Skocz do zawartości

Kto jezdzi nowa Super Tenere XTZ 1200


Rekomendowane odpowiedzi

To ja z innej beczki :cool: jakiś czas temu kupiłem po okazyjnej cenie kufry hepco becker alu exclusive, w ostatnim tygodniu kupiłem stelaże do nich i... dupa :banghead: kufry nie pasują do stelaża... jak to możliwe?

 

post-16654-0-49724600-1393446881.jpg

 

Edytowane przez bunio66
Odnośnik do komentarza
Udostępnij na innych stronach

  • 2 tygodnie później...

Cześć.

Szukam użytkowników tego moto.

Otóż od niedawna jestem posiadaczem właśnie rzeczonego sprzętu. Z racji aury niewiele jak

dotąd pojeżdiłem. Czy to jest dobry motocykl na dłuższe przeloty ok 500km dziennie.

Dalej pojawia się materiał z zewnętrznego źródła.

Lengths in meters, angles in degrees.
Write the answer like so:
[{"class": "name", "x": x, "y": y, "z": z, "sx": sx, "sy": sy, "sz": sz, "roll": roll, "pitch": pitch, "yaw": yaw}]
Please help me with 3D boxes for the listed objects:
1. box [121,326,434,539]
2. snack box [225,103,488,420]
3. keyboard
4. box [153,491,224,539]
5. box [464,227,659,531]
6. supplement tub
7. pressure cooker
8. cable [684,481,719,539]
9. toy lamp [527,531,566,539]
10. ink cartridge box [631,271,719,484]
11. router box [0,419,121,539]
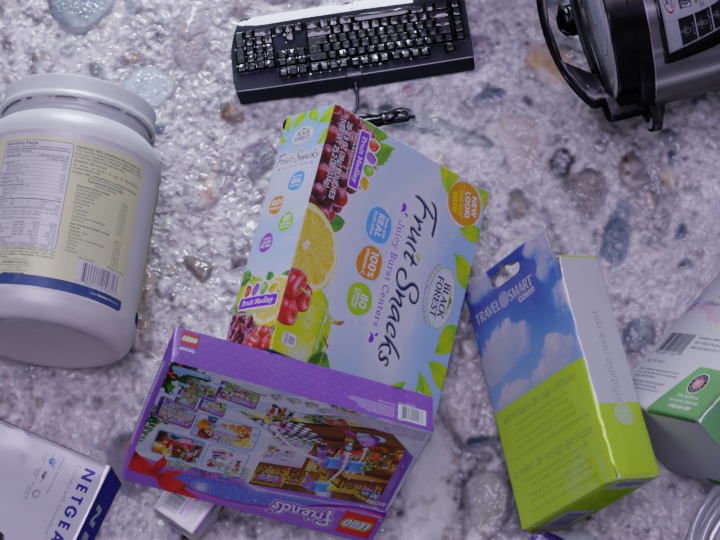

I czy kontrola trakcji jest bardziej pomocna w pozycji 1 czy 2( zakładam asfalt)

Generalni chodzi mi o opinię bardziej doświadczonych użytkowników.

Odnośnik do komentarza
Udostępnij na innych stronach

500 km dziennie zrobisz bez żadnego problemu, moto łyka kilometry, spalanie przy 120/godz 5,5- 6l. kontrola trakcji na 1, dwójki rzadko używam. Często się bawię trybem sportowym, wtedy spalanko niestety rośnie.

Odnośnik do komentarza
Udostępnij na innych stronach

Do wypraw idealne jest ST1100 lub złote skrzydełko a nie jakieś tam funduro z nadwagą.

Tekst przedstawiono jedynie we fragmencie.